A Mexican breakfast spread.
A Mexican breakfast spread.
Chris Malloy

Phoenix is a city of hidden-gem eateries. You see them as you drive, but only if you're looking: modest, stout spots with peeling to paint and nothing to betray what they are but a sign and, maybe, a smell. One of the great things in life is discovering a new one, the kind of place that isn't all over social media, where you can eat damn good, and quietly. Here are six our our favorites to taste ASAP.

Irma's Kitchen

906 North 15th Avenue


At Irma's Kitchen, a nook on 15th Avenue, you can get a sizable Mexican meal for a good price. Things start with chips and salsa. They progress to the main event: chilaquiles, burros, huevos rancheros, taquitos, and so on. Menudo is offered daily. The soup has mellow flavors and a thin, restorative broth that, together with steaming tortillas, will launch you feeling good into your day. Huevos rancheros provide a hearty start to your day. Two eggs smothered in red or green salsa and draped with avocado slices steam on corn tortillas. A mudslide of refried beans slops in one corner of the plate, warm and silky.

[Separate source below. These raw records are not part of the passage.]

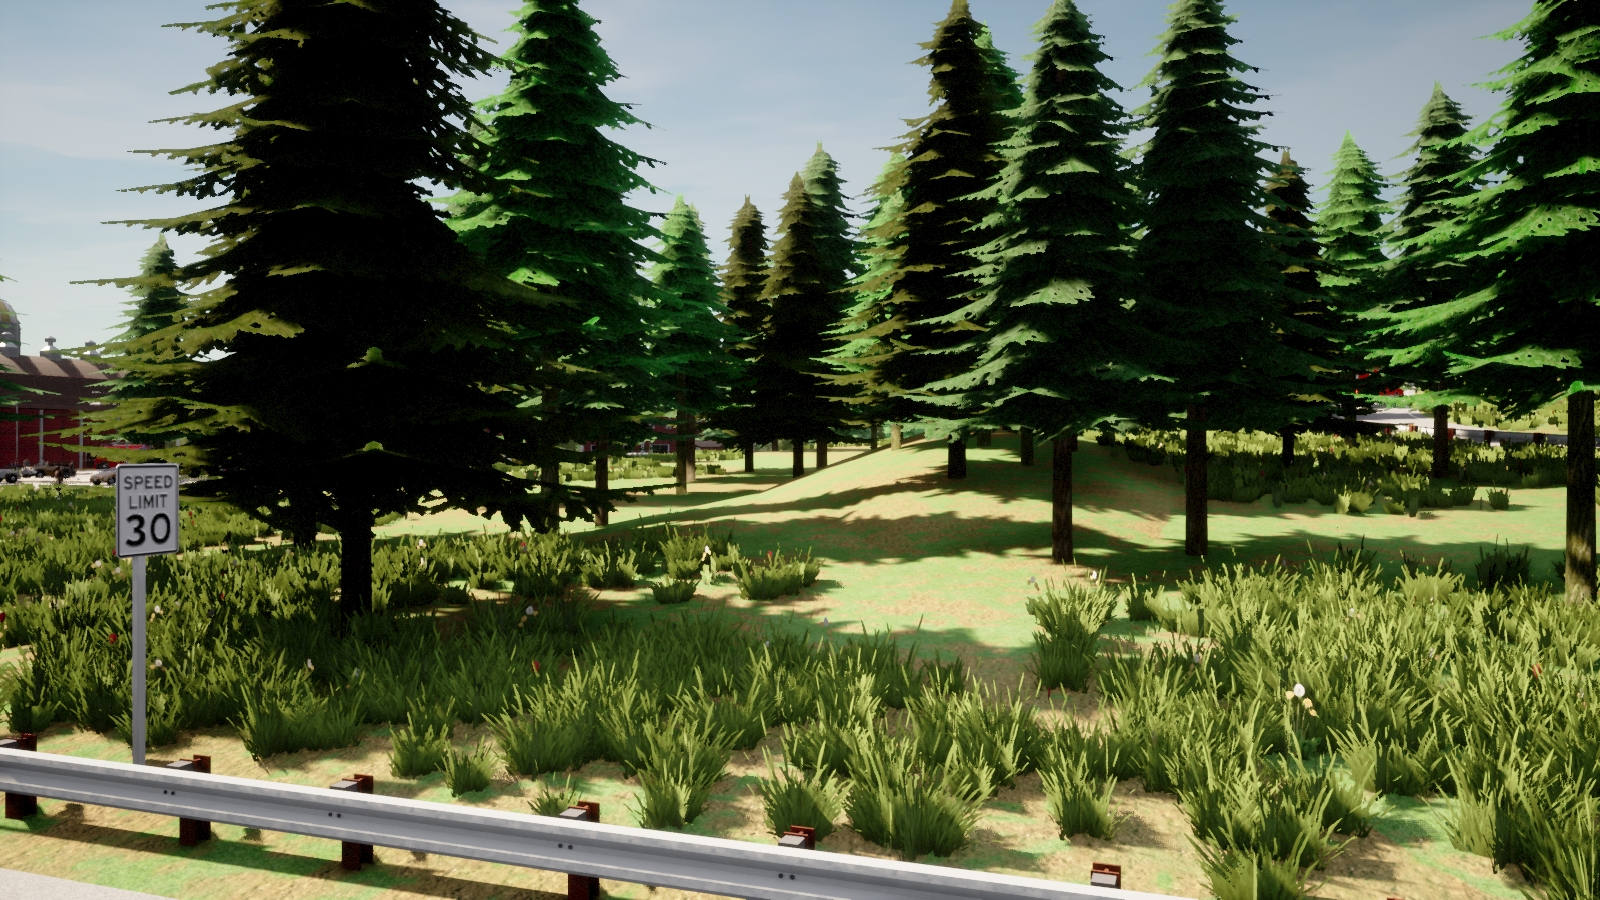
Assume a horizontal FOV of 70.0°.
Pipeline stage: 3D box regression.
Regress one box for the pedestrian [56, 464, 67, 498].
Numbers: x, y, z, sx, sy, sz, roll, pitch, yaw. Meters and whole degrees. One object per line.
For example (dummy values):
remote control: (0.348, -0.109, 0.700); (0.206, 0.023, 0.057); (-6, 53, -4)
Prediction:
pedestrian: (-40.872, 1.700, 63.226); (0.375, 1.860, 0.375); (0, 0, 29)

When you're hankering for a simple meal, want to pop in and get out, and have zero trendy ambiance requirements, look to Irma's.

One of the great barbecue sandwiches in town.EXPAND
One of the great barbecue sandwiches in town.
Chris Malloy

JL Smokehouse

1712 East Broadway Road


“I got the best pulled pork in the country,” says James Lewis. Lewis runs JL Smokehouse, a year-old barbecue joint in south Phoenix. Meats include pulled pork, brisket, ribs, rib tips, links, chicken, and smoked bologna. The pulled pork is succulent and well-flavored. Lewis’ brisket, too, is very good. It has an endearing abrasiveness, the punch of mesquite and ample black pepper, aggressive flavors where less brash joints might try to pull back and showcase the complexity of the meat. Ribs are another of Lewis’s standouts. His rib tips are delicious, and by far the most rustic menu item. The workmanlike past of American barbecue is present in Lewis’s style – the bold flavors, the robust smoke, the style oozing from a man happy to be cooking good food.

A spinach bourek cut. Jasenko Osmic likes to dip them in the Balkan Bakery's tart yogurt.
A spinach bourek cut. Jasenko Osmic likes to dip them in the Balkan Bakery's tart yogurt.
Chris Malloy

Balkan Bakery

1107 East Bell Road


Balkan Bakery, a family spot in north Phoenix, bakes dark rye bread, crescent-shaped pretzels, baklava, and, best of all, a hypnotically comforting bourek — a filled pastry shaped like a butterfly’s tongue. Jasenko Osmic, co-owner of the bakery, grew up eating bourek in his native Bosnia. He has run the bakery with his father, Bakir, and sister Aldijana for 10 years. Balkan Bakery offers three kinds of bourek: cheese, beef, and spinach. The pale bottom is soft and moist where its cheese has leaked during baking. The burnished brown of a soft pretzel colors the top. As you eat toward the middle, each bite varies in texture. Soft. Hard. Bits in between. A simple but rich filling bursts from flaky, coiled tubes of phyllo dough. “This is one of the staple foods of Bosnia,” Jasenko says. “You eat it breakfast, lunch. It’s an all-day food.”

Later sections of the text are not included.